> [Work required]: From the line that contains "Vanity — Scheme B</text>" to the end of the entries, write out every line exactly, including both ends, and nothing more.

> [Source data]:
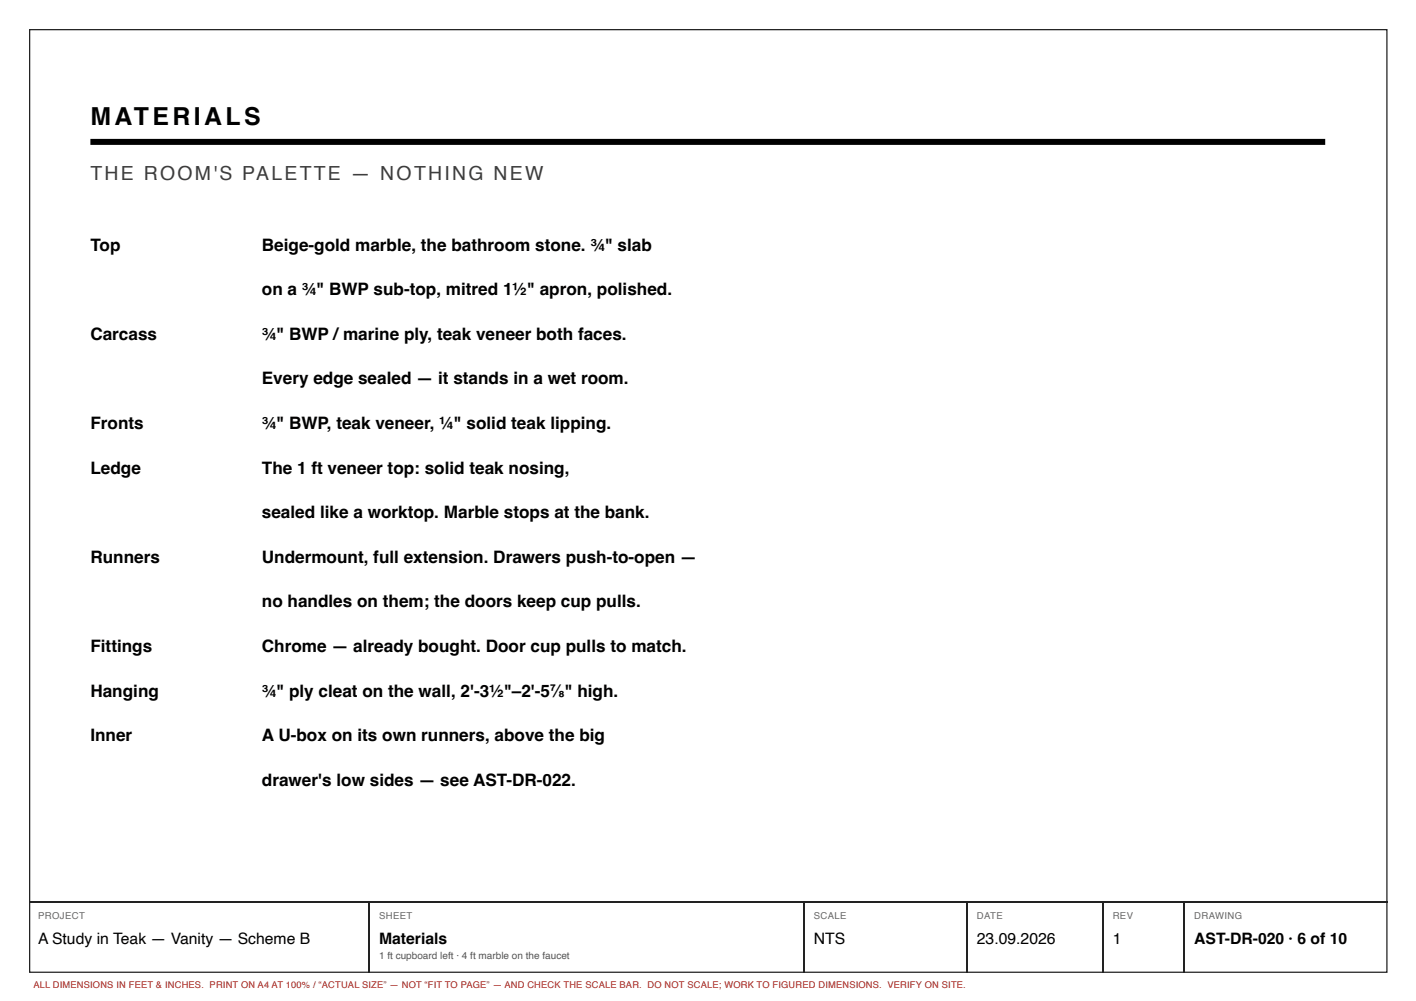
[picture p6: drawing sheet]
<svg xmlns="http://www.w3.org/2000/svg" width="297mm" height="210mm" viewBox="0 0 297 210" stroke-linecap="round" stroke-linejoin="round" font-family="sans-serif">
<defs><g id="words">
<text font-size="5.2" x="19" y="26.2">MATERIALS</text>
<text font-size="4.1" fill="#3d3d3d" x="19" y="37.7">THE ROOM'S PALETTE — NOTHING NEW</text>
<g font-size="3.6">
<text x="19" y="52.5">Top</text>
<text x="54.9" y="52.5">Beige-gold marble, the bathroom stone. ¾&quot; slab</text>
<text x="54.9" y="61.9">on a ¾&quot; BWP sub-top, mitred 1½&quot; apron, polished.</text>
<text x="19" y="71.2">Carcass</text>
<text x="54.9" y="71.2">¾&quot; BWP /marine ply, teak veneer both faces.</text>
<text x="54.9" y="80.6">Every edge sealed — it stands in a wet room.</text>
<text x="19" y="89.9">Fronts</text>
<text x="54.9" y="89.9">¾&quot; BWP, teak veneer, ¼&quot; solid teak lipping.</text>
<text x="19" y="99.3">Ledge</text>
<text x="54.9" y="99.3">The 1 ft veneer top: solid teak nosing,</text>
<text x="54.9" y="108.7">sealed like a worktop. Marble stops at the bank.</text>
<text x="19" y="118">Runners</text>
<text x="54.9" y="118">Undermount, full extension. Drawers push-to-open —</text>
<text x="54.9" y="127.4">no handles on them; the doors keep cup pulls.</text>
<text x="19" y="136.7">Fittings</text>
<text x="54.9" y="136.7">Chrome — already bought. Door cup pulls to match.</text>
<text x="19" y="146.1">Hanging</text>
<text x="54.9" y="146.1">¾&quot; ply cleat on the wall, 2'-3½&quot;–2'-5⅞&quot; high.</text>
<text x="19" y="155.4">Inner</text>
<text x="54.9" y="155.4">A U-box on its own runners, above the big</text>
<text x="54.9" y="164.8">drawer's low sides — see AST-DR-022.</text>
</g>
<g font-size="3.3">
<text x="8" y="197.9">A Study in Teak — Vanity — Scheme B</text>
<text x="79.5" y="197.9">Materials</text>
<text x="170.7" y="197.9">NTS</text>
<text x="204.9" y="197.9">23.09.2026</text>
<text x="233.4" y="197.9">1</text>
<text x="250.5" y="197.9">AST-DR-020 · 6 of 10</text>
</g>
<text font-size="2.1" fill="#555" x="79.5" y="201.1">1 ft cupboard left · 4 ft marble on the faucet</text>
<g font-size="2" fill="#666">
<text x="8" y="192.6">PROJECT</text>
<text x="79.5" y="192.6">SHEET</text>
<text x="170.7" y="192.6">SCALE</text>
<text x="204.9" y="192.6">DATE</text>
<text x="233.4" y="192.6">REV</text>
<text x="250.5" y="192.6">DRAWING</text>
</g>
<text font-size="1.9" fill="#a51d17" x="7" y="207.2">ALL DIMENSIONS IN FEET &amp; INCHES. PRINT ON A4 AT 100% / “ACTUAL SIZE” — NOT “FIT TO PAGE” — AND CHECK THE SCALE BAR. DO NOT SCALE; WORK TO FIGURED DIMENSIONS. VERIFY ON SITE.</text>
</g></defs>
<path d="M6.2 6.2h284.7v197.7h-284.7zM6.1 189h284.9M77.4 189.2v14.8M168.7 189.2v14.8M202.8 189.2v14.8M231.4 189.2v14.8M248.3 189.2v14.8" fill="none" stroke="#222" stroke-width=".26"/>
<path d="M19 29.8h259" fill="none" stroke="#000" stroke-width="1.3" stroke-linecap="butt"/>
<use href="#words"/>
</svg>

> [Your solution]:
<text x="8" y="197.9">A Study in Teak — Vanity — Scheme B</text>
<text x="79.5" y="197.9">Materials</text>
<text x="170.7" y="197.9">NTS</text>
<text x="204.9" y="197.9">23.09.2026</text>
<text x="233.4" y="197.9">1</text>
<text x="250.5" y="197.9">AST-DR-020 · 6 of 10</text>
</g>
<text font-size="2.1" fill="#555" x="79.5" y="201.1">1 ft cupboard left · 4 ft marble on the faucet</text>
<g font-size="2" fill="#666">
<text x="8" y="192.6">PROJECT</text>
<text x="79.5" y="192.6">SHEET</text>
<text x="170.7" y="192.6">SCALE</text>
<text x="204.9" y="192.6">DATE</text>
<text x="233.4" y="192.6">REV</text>
<text x="250.5" y="192.6">DRAWING</text>
</g>
<text font-size="1.9" fill="#a51d17" x="7" y="207.2">ALL DIMENSIONS IN FEET &amp; INCHES. PRINT ON A4 AT 100% / “ACTUAL SIZE” — NOT “FIT TO PAGE” — AND CHECK THE SCALE BAR. DO NOT SCALE; WORK TO FIGURED DIMENSIONS. VERIFY ON SITE.</text>
</g></defs>
<path d="M6.2 6.2h284.7v197.7h-284.7zM6.1 189h284.9M77.4 189.2v14.8M168.7 189.2v14.8M202.8 189.2v14.8M231.4 189.2v14.8M248.3 189.2v14.8" fill="none" stroke="#222" stroke-width=".26"/>
<path d="M19 29.8h259" fill="none" stroke="#000" stroke-width="1.3" stroke-linecap="butt"/>
<use href="#words"/>
</svg>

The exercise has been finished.